Before proceeding, please ensure you have completed the environment setup section.
Obtaining Example Code
The example code for this tutorial is available on Github. Clone it locally using the following command:
$ git clone https://github.com/zhangwm-pt/lpi4a-example.git
The CPU example for this tutorial is located in the reading_comprehension/bert
directory.
Obtaining the Model
The model used in this tutorial is from the Google BERT repository, converted to ONNX format. Download it with the following command:
$ wget https://github.com/zhangwm-pt/bert/releases/download/onnx/bert_small_int32_input.onnx
If you encounter network issues accessing GitHub from mainland China, consider using a network proxy tool to accelerate access.
Model Conversion and Compilation
On an x86 machine, use the HHB tool to convert the ONNX model into a computation graph and glue code suitable for RevyOS. Before proceeding, ensure you have started the HHB container and cloned the example repository as described in the environment setup section.

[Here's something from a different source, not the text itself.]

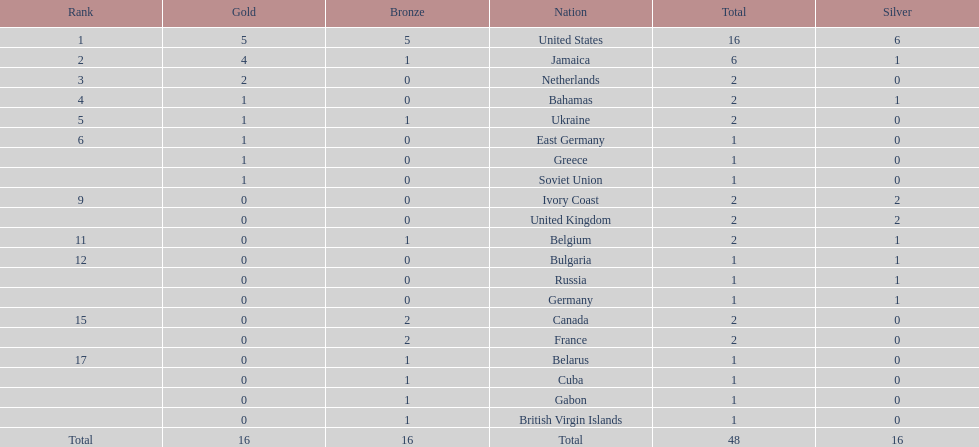Could you parse the entire table as a dict? {'header': ['Rank', 'Gold', 'Bronze', 'Nation', 'Total', 'Silver'], 'rows': [['1', '5', '5', 'United States', '16', '6'], ['2', '4', '1', 'Jamaica', '6', '1'], ['3', '2', '0', 'Netherlands', '2', '0'], ['4', '1', '0', 'Bahamas', '2', '1'], ['5', '1', '1', 'Ukraine', '2', '0'], ['6', '1', '0', 'East Germany', '1', '0'], ['', '1', '0', 'Greece', '1', '0'], ['', '1', '0', 'Soviet Union', '1', '0'], ['9', '0', '0', 'Ivory Coast', '2', '2'], ['', '0', '0', 'United Kingdom', '2', '2'], ['11', '0', '1', 'Belgium', '2', '1'], ['12', '0', '0', 'Bulgaria', '1', '1'], ['', '0', '0', 'Russia', '1', '1'], ['', '0', '0', 'Germany', '1', '1'], ['15', '0', '2', 'Canada', '2', '0'], ['', '0', '2', 'France', '2', '0'], ['17', '0', '1', 'Belarus', '1', '0'], ['', '0', '1', 'Cuba', '1', '0'], ['', '0', '1', 'Gabon', '1', '0'], ['', '0', '1', 'British Virgin Islands', '1', '0'], ['Total', '16', '16', 'Total', '48', '16']]} What is the total number of gold medals won by jamaica? 4.

Model Compilation with HHB
After completing the environment setup, use HHB to compile the model into an executable for the c920 CPU. Enter the reading_comprehension/bert
directory and execute the following command:
$ hhb --model-file bert_small_int32_input.onnx \
--input-name "input_ids;input_mask;segment_ids" \
--input-shape '1 384;1 384;1 384' \
--output-name "output_start_logits;output_end_logits" \
--board c920 \
--quantization-scheme "float16" \
--postprocess save_and_top5 \
-D \
--without-preprocess
-D
: Specifies the HHB process to stop at the executable generation stage--model-file
: Specifies the downloaded BERT model in the current directory--data-scale-div
: Specifies the scale value--board
: Target platform, here c920--input-name
: Model input names--output-name
: Model output names--input-shape
: Model input sizes--without-preprocess
: Ignore preprocessing--quantization-scheme
: Quantization method
You can run hhb --help
to view all available parameters and options.
After execution, an hhb_out
subdirectory will be generated in the current directory, containing the following files:
hhb.bm
: HHB model file, including quantized weights and related informationhhb_runtime
: Executable for the c920 CPU platform, compiled from the C files in the directorymain.c
: Reference entry for the example programmodel.c
: Model structure filemodel.params
: Weights fileio.c
: File I/O helper functionsio.h
: Declarations for helper functionsprocess.c
: Preprocessing functionsprocess.h
: Declarations for preprocessing functions
For more details on HHB options, refer to the HHB User Manual.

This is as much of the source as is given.